Leave every picture out. Set down all the lines below exactly.

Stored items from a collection
-- Opening Marker --
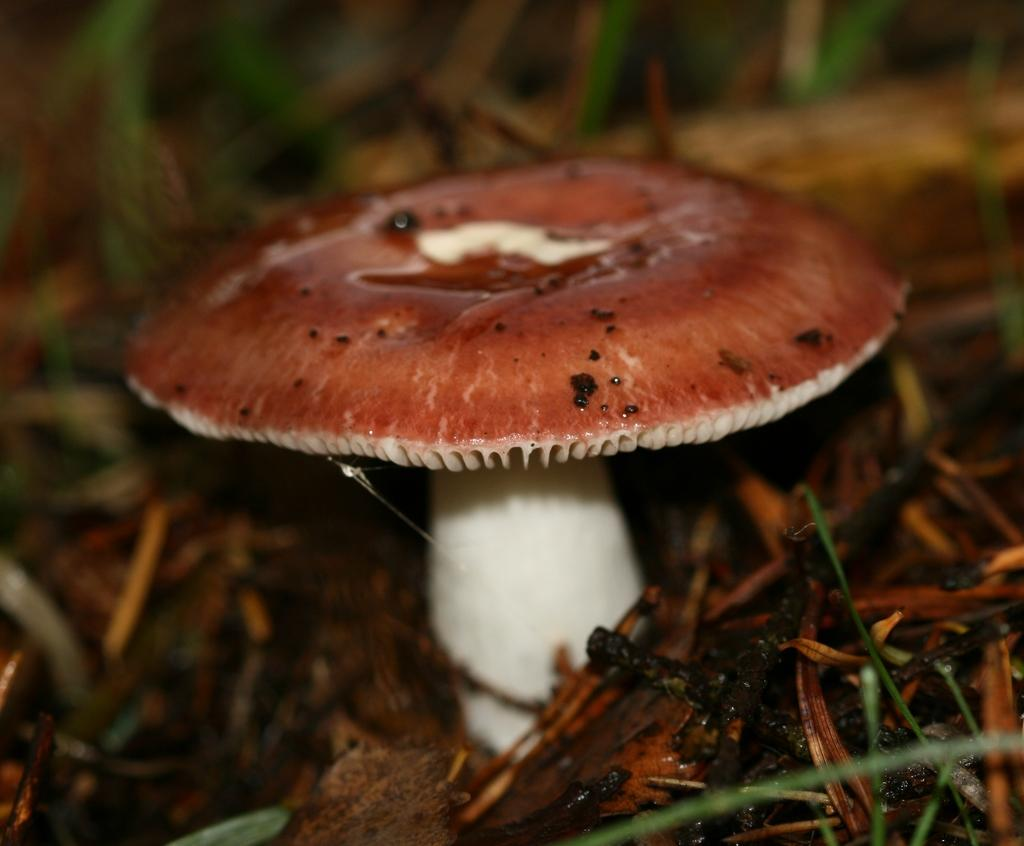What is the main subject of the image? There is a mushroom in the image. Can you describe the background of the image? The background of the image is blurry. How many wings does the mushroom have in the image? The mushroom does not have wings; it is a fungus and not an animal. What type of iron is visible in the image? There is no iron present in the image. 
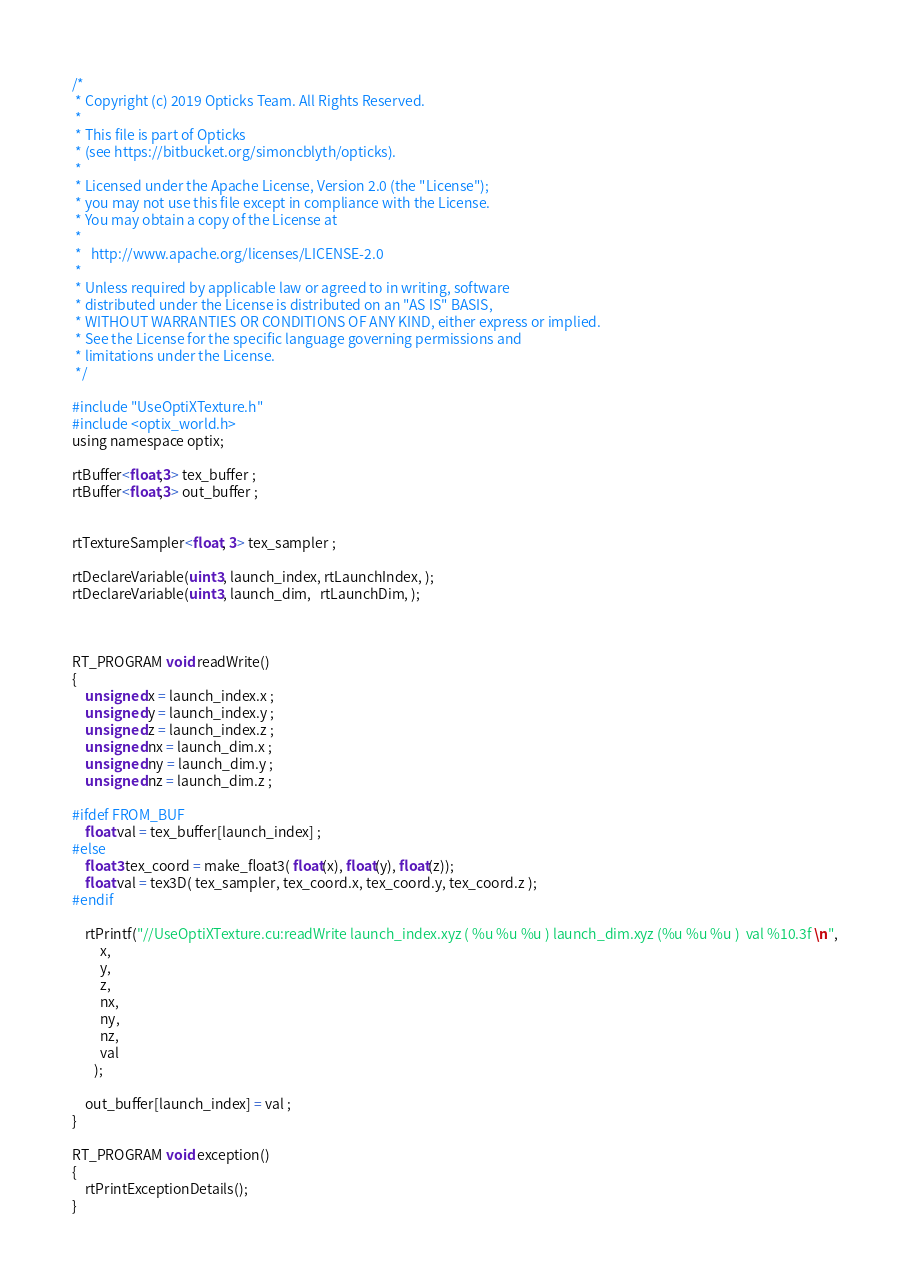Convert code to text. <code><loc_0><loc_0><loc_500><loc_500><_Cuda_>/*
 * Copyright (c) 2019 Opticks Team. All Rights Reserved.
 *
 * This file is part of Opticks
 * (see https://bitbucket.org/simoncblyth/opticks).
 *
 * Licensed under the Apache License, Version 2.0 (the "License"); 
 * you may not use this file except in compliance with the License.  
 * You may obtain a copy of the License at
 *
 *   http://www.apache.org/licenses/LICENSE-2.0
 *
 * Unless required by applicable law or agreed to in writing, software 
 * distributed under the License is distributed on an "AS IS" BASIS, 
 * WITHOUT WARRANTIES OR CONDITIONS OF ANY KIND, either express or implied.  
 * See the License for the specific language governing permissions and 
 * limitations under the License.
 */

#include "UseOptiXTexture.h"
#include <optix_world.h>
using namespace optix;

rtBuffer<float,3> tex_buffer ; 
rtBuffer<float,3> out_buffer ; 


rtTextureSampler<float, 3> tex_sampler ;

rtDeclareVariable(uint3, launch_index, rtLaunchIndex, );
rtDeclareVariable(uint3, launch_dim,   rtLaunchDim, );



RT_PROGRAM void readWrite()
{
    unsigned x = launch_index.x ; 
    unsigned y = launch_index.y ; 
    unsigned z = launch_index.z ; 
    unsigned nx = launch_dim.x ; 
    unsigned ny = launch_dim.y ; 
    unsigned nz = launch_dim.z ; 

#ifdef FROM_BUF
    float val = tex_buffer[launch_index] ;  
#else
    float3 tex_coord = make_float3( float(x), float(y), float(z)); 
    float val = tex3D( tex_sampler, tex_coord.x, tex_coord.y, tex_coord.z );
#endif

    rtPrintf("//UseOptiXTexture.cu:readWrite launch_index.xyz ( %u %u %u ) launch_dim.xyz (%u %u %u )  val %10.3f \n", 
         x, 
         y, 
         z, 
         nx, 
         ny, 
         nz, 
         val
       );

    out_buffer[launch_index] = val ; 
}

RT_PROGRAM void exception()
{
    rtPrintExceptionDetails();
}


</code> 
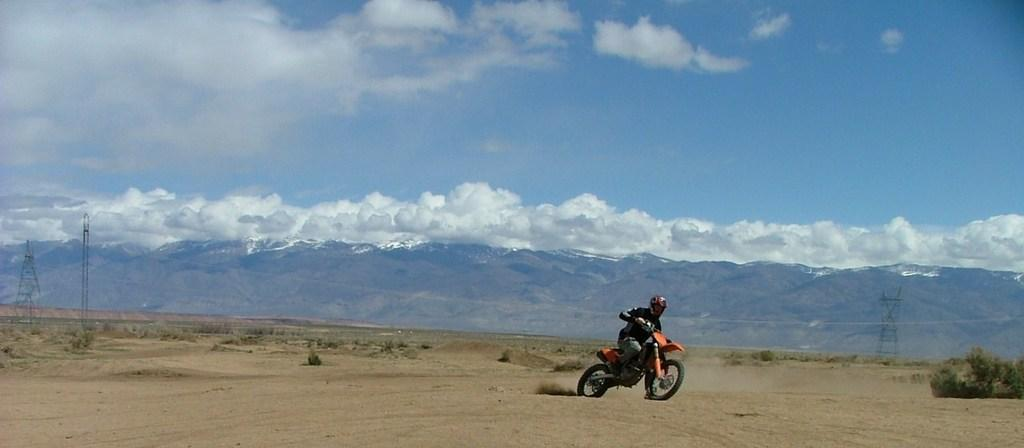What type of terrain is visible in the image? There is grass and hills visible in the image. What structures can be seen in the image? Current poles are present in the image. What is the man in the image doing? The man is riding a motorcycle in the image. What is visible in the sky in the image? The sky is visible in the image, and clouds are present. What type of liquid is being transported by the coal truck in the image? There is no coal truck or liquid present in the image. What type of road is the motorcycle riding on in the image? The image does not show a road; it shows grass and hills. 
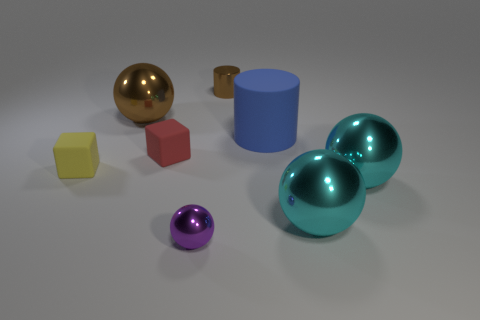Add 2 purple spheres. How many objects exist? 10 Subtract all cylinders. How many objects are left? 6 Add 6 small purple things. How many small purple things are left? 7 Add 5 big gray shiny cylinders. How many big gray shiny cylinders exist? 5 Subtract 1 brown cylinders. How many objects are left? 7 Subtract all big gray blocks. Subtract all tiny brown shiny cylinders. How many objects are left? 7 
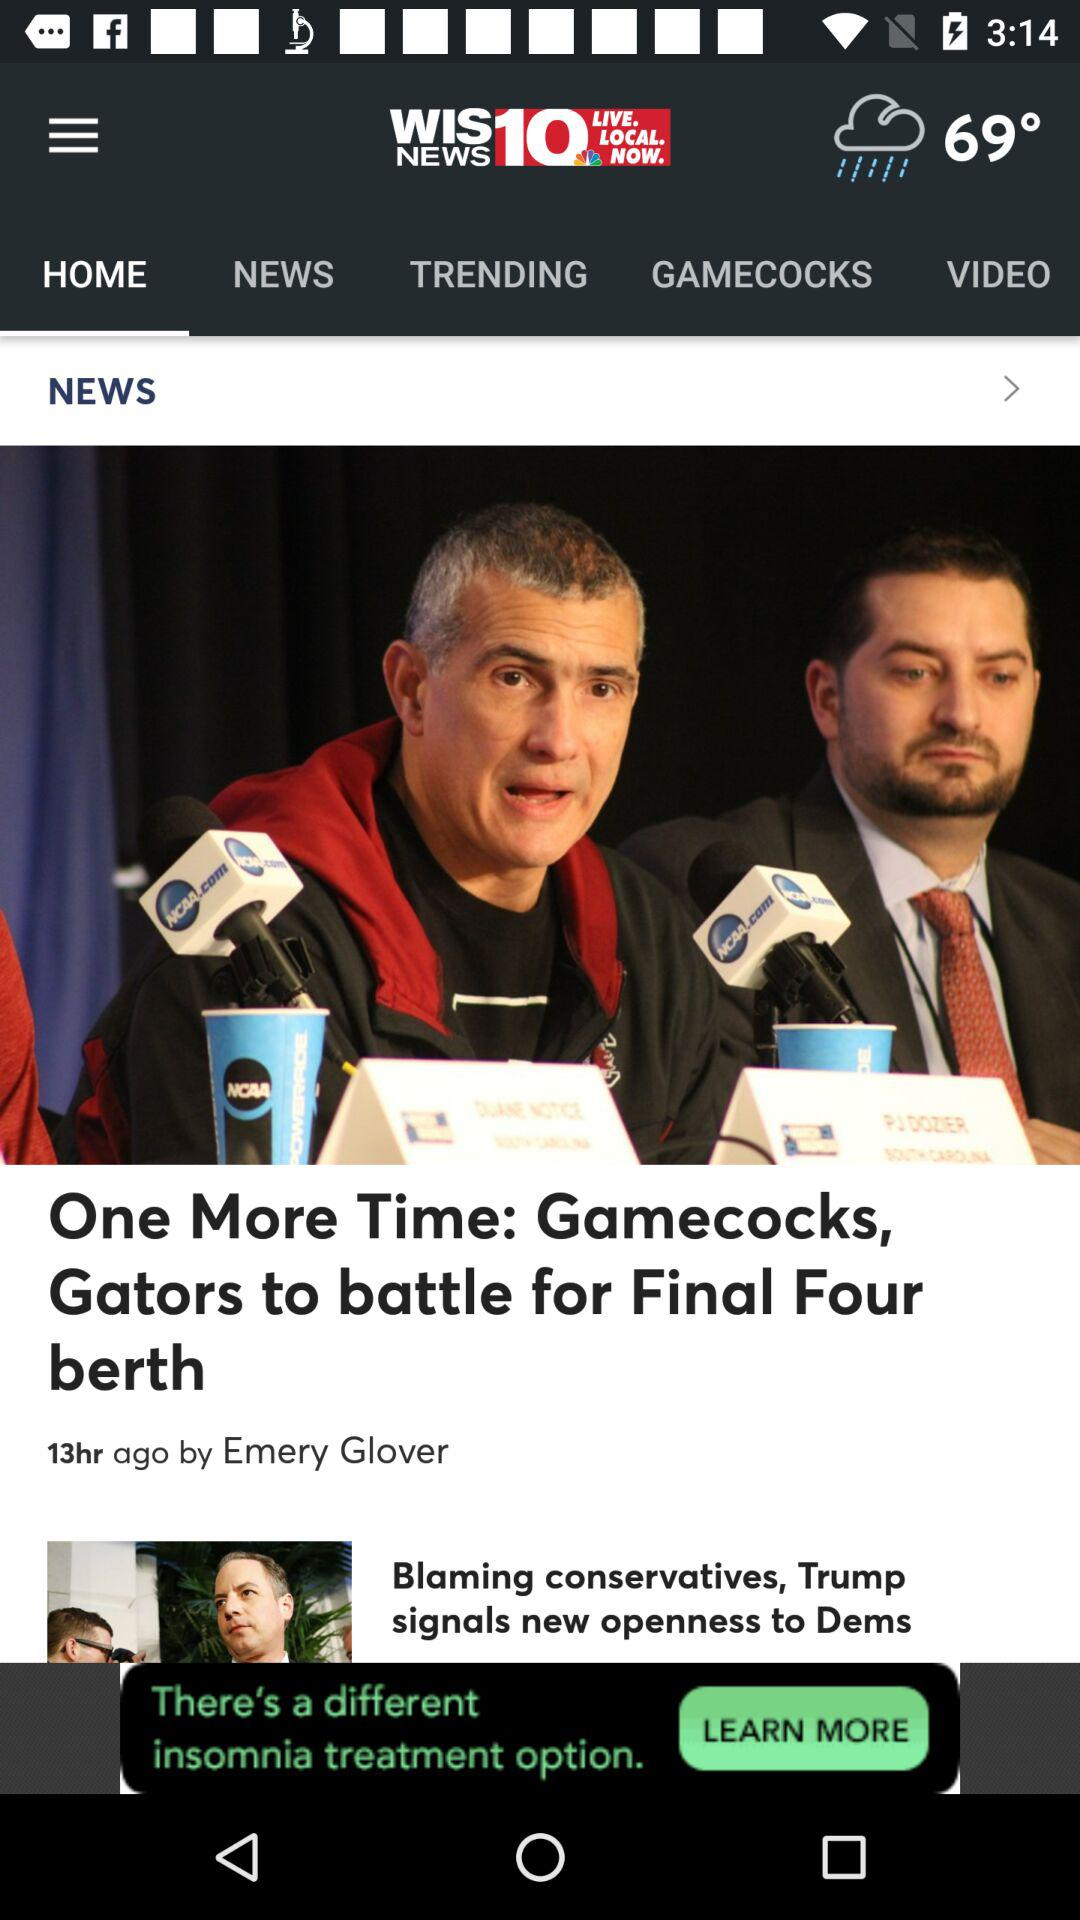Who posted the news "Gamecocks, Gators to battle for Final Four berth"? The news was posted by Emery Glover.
-- Closing Marker --
Output below
What is the main subject of the image? There is a mushroom in the image. Can you describe the background of the image? The background of the image is blurry. How many wings does the mushroom have in the image? The mushroom does not have wings; it is a fungus and not an animal. What type of iron is visible in the image? There is no iron present in the image. 
Convert code to text. <code><loc_0><loc_0><loc_500><loc_500><_Cuda_>/*
 * Copyright (c) 2019 Opticks Team. All Rights Reserved.
 *
 * This file is part of Opticks
 * (see https://bitbucket.org/simoncblyth/opticks).
 *
 * Licensed under the Apache License, Version 2.0 (the "License"); 
 * you may not use this file except in compliance with the License.  
 * You may obtain a copy of the License at
 *
 *   http://www.apache.org/licenses/LICENSE-2.0
 *
 * Unless required by applicable law or agreed to in writing, software 
 * distributed under the License is distributed on an "AS IS" BASIS, 
 * WITHOUT WARRANTIES OR CONDITIONS OF ANY KIND, either express or implied.  
 * See the License for the specific language governing permissions and 
 * limitations under the License.
 */

#include "UseOptiXTexture.h"
#include <optix_world.h>
using namespace optix;

rtBuffer<float,3> tex_buffer ; 
rtBuffer<float,3> out_buffer ; 


rtTextureSampler<float, 3> tex_sampler ;

rtDeclareVariable(uint3, launch_index, rtLaunchIndex, );
rtDeclareVariable(uint3, launch_dim,   rtLaunchDim, );



RT_PROGRAM void readWrite()
{
    unsigned x = launch_index.x ; 
    unsigned y = launch_index.y ; 
    unsigned z = launch_index.z ; 
    unsigned nx = launch_dim.x ; 
    unsigned ny = launch_dim.y ; 
    unsigned nz = launch_dim.z ; 

#ifdef FROM_BUF
    float val = tex_buffer[launch_index] ;  
#else
    float3 tex_coord = make_float3( float(x), float(y), float(z)); 
    float val = tex3D( tex_sampler, tex_coord.x, tex_coord.y, tex_coord.z );
#endif

    rtPrintf("//UseOptiXTexture.cu:readWrite launch_index.xyz ( %u %u %u ) launch_dim.xyz (%u %u %u )  val %10.3f \n", 
         x, 
         y, 
         z, 
         nx, 
         ny, 
         nz, 
         val
       );

    out_buffer[launch_index] = val ; 
}

RT_PROGRAM void exception()
{
    rtPrintExceptionDetails();
}


</code> 
What type of terrain is visible in the image? There is grass and hills visible in the image. What structures can be seen in the image? Current poles are present in the image. What is the man in the image doing? The man is riding a motorcycle in the image. What is visible in the sky in the image? The sky is visible in the image, and clouds are present. What type of liquid is being transported by the coal truck in the image? There is no coal truck or liquid present in the image. What type of road is the motorcycle riding on in the image? The image does not show a road; it shows grass and hills. 
Add 2 purple spheres. How many objects exist? 10 Subtract all cylinders. How many objects are left? 6 Add 6 small purple things. How many small purple things are left? 7 Add 5 big gray shiny cylinders. How many big gray shiny cylinders exist? 5 Subtract 1 brown cylinders. How many objects are left? 7 Subtract all big gray blocks. Subtract all tiny brown shiny cylinders. How many objects are left? 7 
Who posted the news "Gamecocks, Gators to battle for Final Four berth"? The news was posted by Emery Glover.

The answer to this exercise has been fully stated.